HD 24496

Observation data Epoch J2000.0 Equinox ICRS
- Constellation: Taurus
- Right ascension: 03^{h} 54^{m} 28.03326^{s}
- Declination: +16° 36′ 57.7897″
- Apparent magnitude (V): 6.81 (6.9 + 11.1)

Characteristics
- Spectral type: G7V + M2V
- Apparent magnitude (B): 7.529
- Apparent magnitude (R): 6.40
- Apparent magnitude (I): 6.000
- Apparent magnitude (J): 5.384±0.024
- Apparent magnitude (H): 5.102±0.026
- Apparent magnitude (K): 4.995±0.017
- B−V color index: 0.719±0.001

Astrometry
- Radial velocity (R_{v}): +18.99±0.09 km/s
- Proper motion (μ): RA: +214.191 mas/yr Dec.: −167.336 mas/yr
- Parallax (π): 48.8107±0.0474 mas
- Distance: 66.82 ± 0.06 ly (20.49 ± 0.02 pc)
- Absolute magnitude (M_{V}): 5.26

Orbit
- Primary: A
- Name: B
- Period (P): 589+57 −84 years
- Semi-major axis (a): 80.2+4.6 −7.8 au
- Eccentricity (e): 0.099+0.130 −0.054
- Inclination (i): 117.11+2.90 −0.91°
- Longitude of the node (Ω): 38.7+1.2 −1.4°
- Periastron epoch (T): JD = 2577107+8299 −10043
- Argument of periastron (ω) (secondary): 318+13 −32°

Details

A
- Mass: 0.941±0.053 M_{☉}
- Radius: 0.91±0.03 R_{☉}
- Luminosity: 0.705+0.073 −0.076 L_{☉}
- Surface gravity (log g): 4.52+0.03 −0.04 cgs
- Temperature: 5,572±44 K
- Metallicity [Fe/H]: −0.01±0.03 dex
- Rotational velocity (v sin i): 0.0±0.5 km/s
- Age: 3.316+3.88 −3.16 Gyr

B
- Mass: 0.5389+0.0082 −0.0081 M_{☉}
- Other designations: BD+16°527, GC 4699, GJ 3255, HD 24496, HIP 18267, SAO 93662, PPM 119451, WDS J03545+1637, LTT 11292, NLTT 12133

Database references
- SIMBAD: data

= HD 24496 =

Binary star system in the constellation Taurus

HD 24496 is a binary star system in the equatorial constellation of Taurus. The combined apparent visual magnitude of the pair is 6.81, which is too faint to be readily visible to the normal human eye. The system is located at a distance of 66.8 light-years from the Sun, based on parallax, and is drifting further away with a radial velocity of +19 km/s. It is traversing the celestial sphere with a proper motion of 0.276 arcsecond per year.

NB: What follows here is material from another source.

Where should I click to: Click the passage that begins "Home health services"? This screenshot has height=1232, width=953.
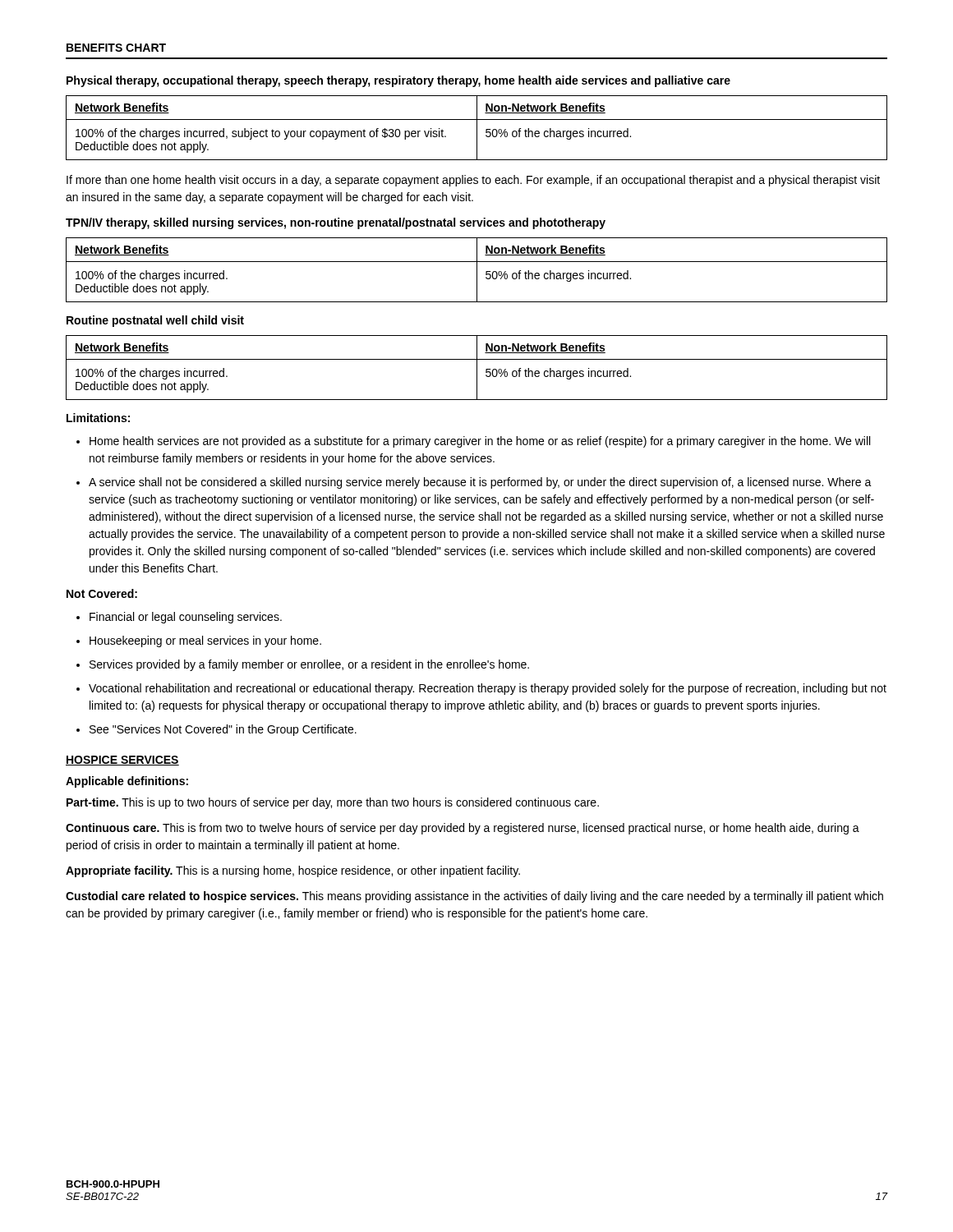point(480,450)

The magnitude 6.9 primary star, designated component A, is a G-type main-sequence star with a stellar classification of G7V. It is around three billion years old with a low projected rotational velocity. The star has 96% of the mass of the Sun and 91% of the Sun's radius. The metallicity, what astronomers term the abundance of heavier elements, is about the same as in the Sun. The star is radiating 71% of the luminosity of the Sun from its photosphere at an effective temperature of 5,572 K.

The secondary companion, component B, is of magnitude 11.1 red dwarf of class M2V that shares a common proper motion with the primary. They have an orbital separation of 80 astronomical units, taking 590 years to complete an orbit around their centre of mass.